Handling Rate-Limited Endpoints
When backends implement rate limiting and return HTTP 429 or gRPC RESOURCE_EXHAUSTED by default, the proxy treats these as successful responses from a load balancing perspective. Since these types of responses are typically very fast, Linkerd’s EWMA load balancing may actually send more traffic to these rate-limited endpoints. This can create a feedback loop where clients experience high 429 or RESOURCE_EXHAUSTED rates.
Linkerd has two experimental features to help route traffic away from endpoints which are in a rate-limited state.
Linkerd Production Tip
Warning
Load Biaser
Linkerd can be configured to use a more sophisticated version of the EWMA load balancing algorithm which takes rate-limit responses (HTTP 429 or gRPC RESOURCE_EXHAUSTED) into account. This algorithm is called the Load Biaser because it biases traffic away from endpoints which have returned rate-limit responses recently.
The Load Biaser works exactly the same as EWMA
except that when it receives a rate-limited response, it substitutes a fixed
penalty value for the response’s actual latency (unless the latency is
higher). For example, if the penalty is configured to be 5s and the Load
Biaser receives a 429 response in 10ms, it will treat the latency of that
response as 5s for load balancing purposes.
In this way, the load balancer will not favor endpoints which return rate-limited responses quickly.
The penalty value can be further refined if the server sets the Retry-After
HTTP response header or the grpc-retry-pushback-ms gRPC trailer. If one of
these values is present and is higher than the configured penalty, it will be
used in place of the penalty. This allows servers to exert a higher or lower
amount of pushback.
To enable Linkerd to use the Load Biaser for a Service, set the following annotation on the Service resource:
| Annotation | Type | Default | Notes |
|---|---|---|---|
balancer.alpha.linkerd.io/penalize-failures | bool | false | Enables the Load Biaser for this Service |
The Load Biaser can be further configured with these annotations on the Service resource:
| Annotation | Type | Default | |
|---|---|---|---|
balancer.alpha.linkerd.io/load-biaser-penalty | duration | 5s | The latency value to inject for rate-limited responses and failures |
balancer.alpha.linkerd.io/load-biaser-max-retry-after | duration | 300s | The maximum allowed value of a Retry-After header |
Unified Circuit Breaker
Linkerd can be configured to use a more sophisticated version of consecutive failures failure accrual called Unified failure accrual.
The Unified failure accrual can be configured with a success rate threshold. If the percent of responses within a fixed time window drops below this threshold, the circuit breaker will trip, temporarily cutting off traffic to this endpoint and giving it time to recover. Critically, any rate-limited responses will count as failures for this success rate calculation.
The Unified failure accrual will ALSO trip if it encounters a configured number of consecutive failures, just like the consecutive failures accrual.

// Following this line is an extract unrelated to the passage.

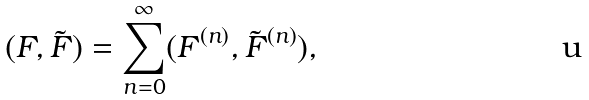<formula> <loc_0><loc_0><loc_500><loc_500>( F , \tilde { F } ) = \sum _ { n = 0 } ^ { \infty } ( F ^ { ( n ) } , \tilde { F } ^ { ( n ) } ) ,</formula> 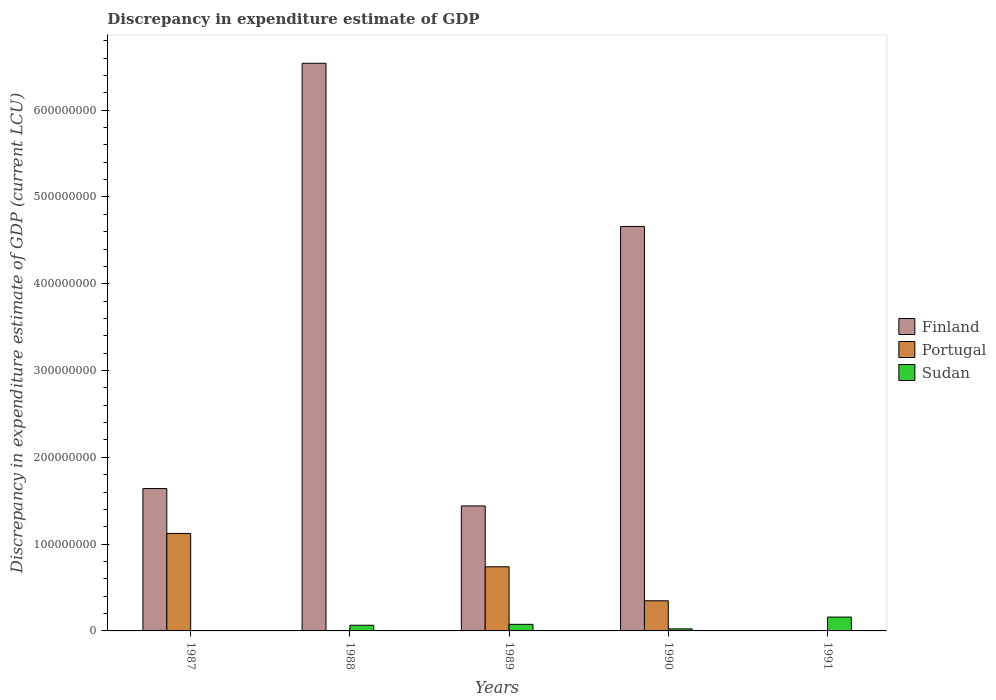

To enable the Unified failure accrual circuit breaker on a Service, set the
following annotation to "unified" on the Service resource:
| Annotation | Type | Default | Notes |
|---|---|---|---|
balancer.linkerd.io/failure-accrual | string. | None | The failure-accrual mode. Set to unified to enable Unified failure accrual |
The Unified failure accrual can be further configured with these annotations on the Service resouce:
| Annotation | Type | Default | Notes |
|---|---|---|---|
balancer.alpha.linkerd.io/failure-accrual-success-rate-threshold | number between 0 and 1 | 0.8 | The success rate threshold at which to trip the breaker |
balancer.alpha.linkerd.io/failure-accrual-success-rate-window | duration | 10s | The window over which the success rate is calculated |
balancer.alpha.linkerd.io/failure-accrual-success-rate-min-requests | number | 5 | Only trip if there are at least this many requests in the window |
balancer.linkerd.io/failure-accrual-consecutive-max-failures | number | 7 | Trip if we encounter this many consecutive failures |
balancer.linkerd.io/failure-accrual-consecutive-min-penalty | duration | 1s | The minimum duration for which to cut off traffic |
balancer.linkerd.io/failure-accrual-consecutive-max-penalty | duration | 1m | The maximum duration for which to cut off traffic |
balancer.linkerd.io/failure-accrual-consecutive-jitter-ratio | number between 0.0 and 100.0 | 0.5 | The amount of randomness to inject into the backoff |
See the reference documentation for details on failure accrual configuration.